<<<<

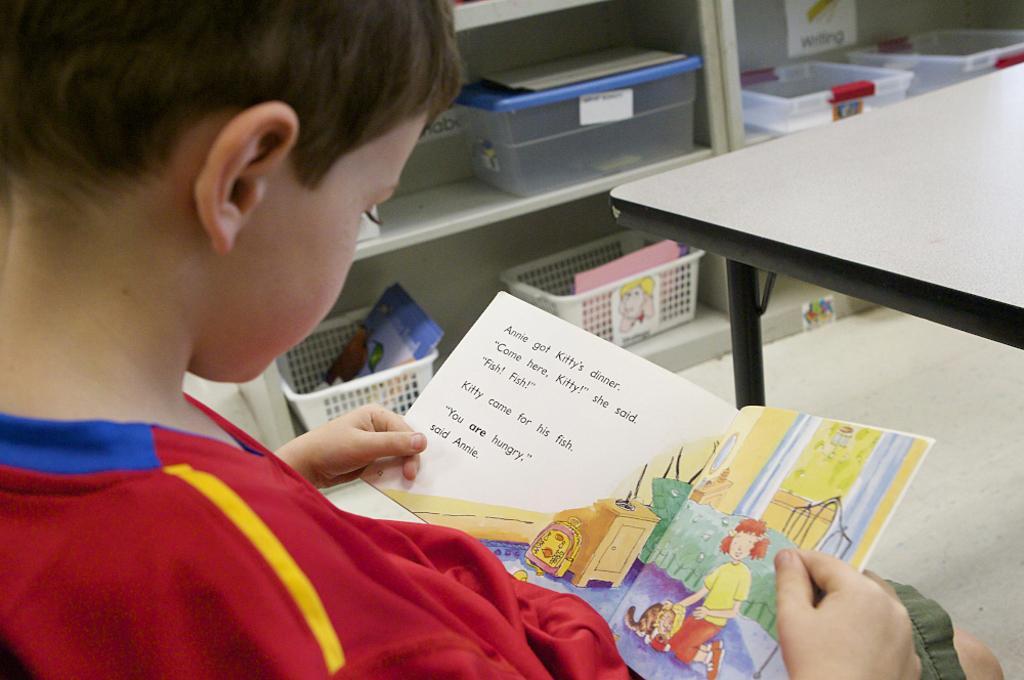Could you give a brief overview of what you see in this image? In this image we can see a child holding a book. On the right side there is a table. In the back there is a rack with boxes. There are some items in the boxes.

>>>>
<<<<

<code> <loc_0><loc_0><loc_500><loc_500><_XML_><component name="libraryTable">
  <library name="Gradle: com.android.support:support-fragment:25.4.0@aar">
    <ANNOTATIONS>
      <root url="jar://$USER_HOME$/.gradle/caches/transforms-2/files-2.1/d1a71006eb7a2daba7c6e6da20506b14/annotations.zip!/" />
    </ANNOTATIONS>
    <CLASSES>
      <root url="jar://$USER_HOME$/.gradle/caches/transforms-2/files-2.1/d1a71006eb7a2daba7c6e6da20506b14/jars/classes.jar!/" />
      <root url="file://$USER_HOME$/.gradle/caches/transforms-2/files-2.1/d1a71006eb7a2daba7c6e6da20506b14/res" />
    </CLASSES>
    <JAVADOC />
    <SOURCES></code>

>>>>

(PROBLEM)
Print the lines above from the one with "</ANNOTATIONS>" through the one with "<SOURCES></code>", both included, exactly as written and nothing more.

(RESPONSE AREA)
    </ANNOTATIONS>
    <CLASSES>
      <root url="jar://$USER_HOME$/.gradle/caches/transforms-2/files-2.1/d1a71006eb7a2daba7c6e6da20506b14/jars/classes.jar!/" />
      <root url="file://$USER_HOME$/.gradle/caches/transforms-2/files-2.1/d1a71006eb7a2daba7c6e6da20506b14/res" />
    </CLASSES>
    <JAVADOC />
    <SOURCES></code>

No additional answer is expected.